* _INPUT FOR THIS TASK_
########
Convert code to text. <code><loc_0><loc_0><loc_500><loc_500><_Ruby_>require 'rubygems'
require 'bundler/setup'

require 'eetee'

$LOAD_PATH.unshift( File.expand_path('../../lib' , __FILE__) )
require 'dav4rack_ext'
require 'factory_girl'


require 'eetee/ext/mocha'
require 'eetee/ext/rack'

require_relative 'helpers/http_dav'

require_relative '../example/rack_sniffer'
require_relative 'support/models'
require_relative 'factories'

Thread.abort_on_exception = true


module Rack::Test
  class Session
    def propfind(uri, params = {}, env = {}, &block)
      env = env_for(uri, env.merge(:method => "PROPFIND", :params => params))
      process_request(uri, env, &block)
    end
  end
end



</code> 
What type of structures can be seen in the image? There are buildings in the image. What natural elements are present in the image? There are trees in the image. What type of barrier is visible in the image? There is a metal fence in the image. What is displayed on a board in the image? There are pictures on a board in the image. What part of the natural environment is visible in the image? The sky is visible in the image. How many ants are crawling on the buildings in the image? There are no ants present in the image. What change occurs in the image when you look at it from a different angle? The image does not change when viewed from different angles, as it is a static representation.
########
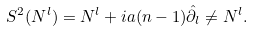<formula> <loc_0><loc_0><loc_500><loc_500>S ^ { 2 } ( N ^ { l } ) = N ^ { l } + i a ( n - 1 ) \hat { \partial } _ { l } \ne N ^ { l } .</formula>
########
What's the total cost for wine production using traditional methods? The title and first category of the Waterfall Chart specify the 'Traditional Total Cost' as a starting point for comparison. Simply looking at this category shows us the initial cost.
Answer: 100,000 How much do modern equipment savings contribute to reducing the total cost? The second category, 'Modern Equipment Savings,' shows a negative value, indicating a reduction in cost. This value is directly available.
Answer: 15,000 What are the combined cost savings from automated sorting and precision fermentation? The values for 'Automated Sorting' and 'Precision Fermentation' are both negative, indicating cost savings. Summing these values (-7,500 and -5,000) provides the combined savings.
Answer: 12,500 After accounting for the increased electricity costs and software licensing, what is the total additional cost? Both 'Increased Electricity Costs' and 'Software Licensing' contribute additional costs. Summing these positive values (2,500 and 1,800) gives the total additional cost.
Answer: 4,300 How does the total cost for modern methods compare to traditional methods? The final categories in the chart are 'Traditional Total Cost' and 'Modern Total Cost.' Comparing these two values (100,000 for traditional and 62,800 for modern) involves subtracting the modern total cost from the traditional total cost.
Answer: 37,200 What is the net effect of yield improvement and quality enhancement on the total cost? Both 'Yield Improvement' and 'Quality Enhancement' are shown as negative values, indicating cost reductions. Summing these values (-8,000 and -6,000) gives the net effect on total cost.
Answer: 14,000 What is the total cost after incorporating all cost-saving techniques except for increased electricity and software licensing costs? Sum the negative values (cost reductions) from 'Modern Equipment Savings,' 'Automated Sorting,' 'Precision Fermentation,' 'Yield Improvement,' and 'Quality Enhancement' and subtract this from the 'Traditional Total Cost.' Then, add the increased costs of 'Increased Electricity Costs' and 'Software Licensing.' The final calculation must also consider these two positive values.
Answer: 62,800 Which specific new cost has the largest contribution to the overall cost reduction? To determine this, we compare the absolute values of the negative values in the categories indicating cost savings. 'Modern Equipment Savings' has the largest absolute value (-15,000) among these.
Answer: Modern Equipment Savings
########
* _WHAT NEEDS TO BE DONE_
All lines above that contain the word "code" are to be copied.

* _REPLY TO THE EXERCISE_
Convert code to text. <code><loc_0><loc_0><loc_500><loc_500><_Ruby_>require 'rubygems'
</code> 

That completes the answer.